Task requirements:
Without the pictures, retype each line below exactly as it stands.

── Dataset

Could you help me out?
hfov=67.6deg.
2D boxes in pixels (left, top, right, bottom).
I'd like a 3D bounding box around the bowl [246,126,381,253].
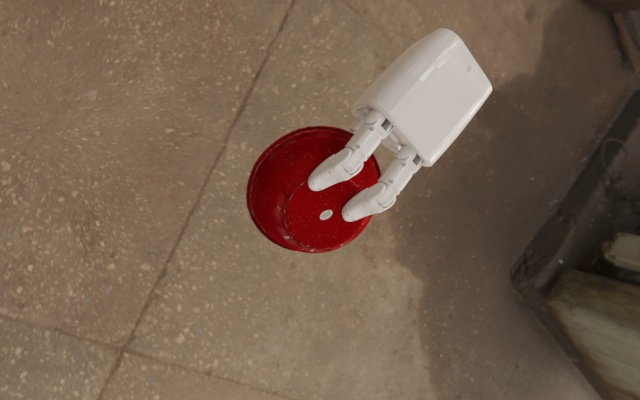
[{"bbox_3d":[-0.001,0.003,0.535,0.162,0.162,0.055,0,26,-15],"label":"bowl"}]
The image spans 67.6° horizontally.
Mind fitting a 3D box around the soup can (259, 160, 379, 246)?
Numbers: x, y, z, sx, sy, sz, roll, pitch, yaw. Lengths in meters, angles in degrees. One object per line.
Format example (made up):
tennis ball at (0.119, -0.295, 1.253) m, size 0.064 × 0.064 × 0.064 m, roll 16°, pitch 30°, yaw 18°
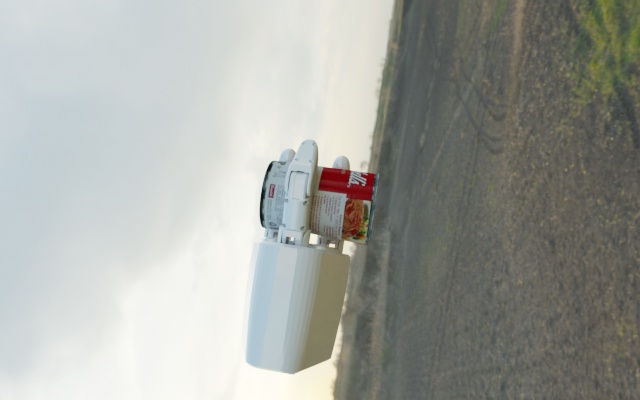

────

Solved problem:
Could you help me out?
hfov=67.6deg.
2D boxes in pixels (left, top, right, bottom).
I'd like a 3D bounding box around the bowl [246,126,381,253].
[{"bbox_3d":[-0.001,0.003,0.535,0.162,0.162,0.055,0,26,-15],"label":"bowl"}]
The image spans 67.6° horizontally.
Mind fitting a 3D box around the soup can (259, 160, 379, 246)?
Numbers: x, y, z, sx, sy, sz, roll, pitch, yaw. Lengths in meters, angles in degrees. One object per line.
Format example (made up):
tennis ball at (0.119, -0.295, 1.253) m, size 0.064 × 0.064 × 0.064 m, roll 16°, pitch 30°, yaw 18°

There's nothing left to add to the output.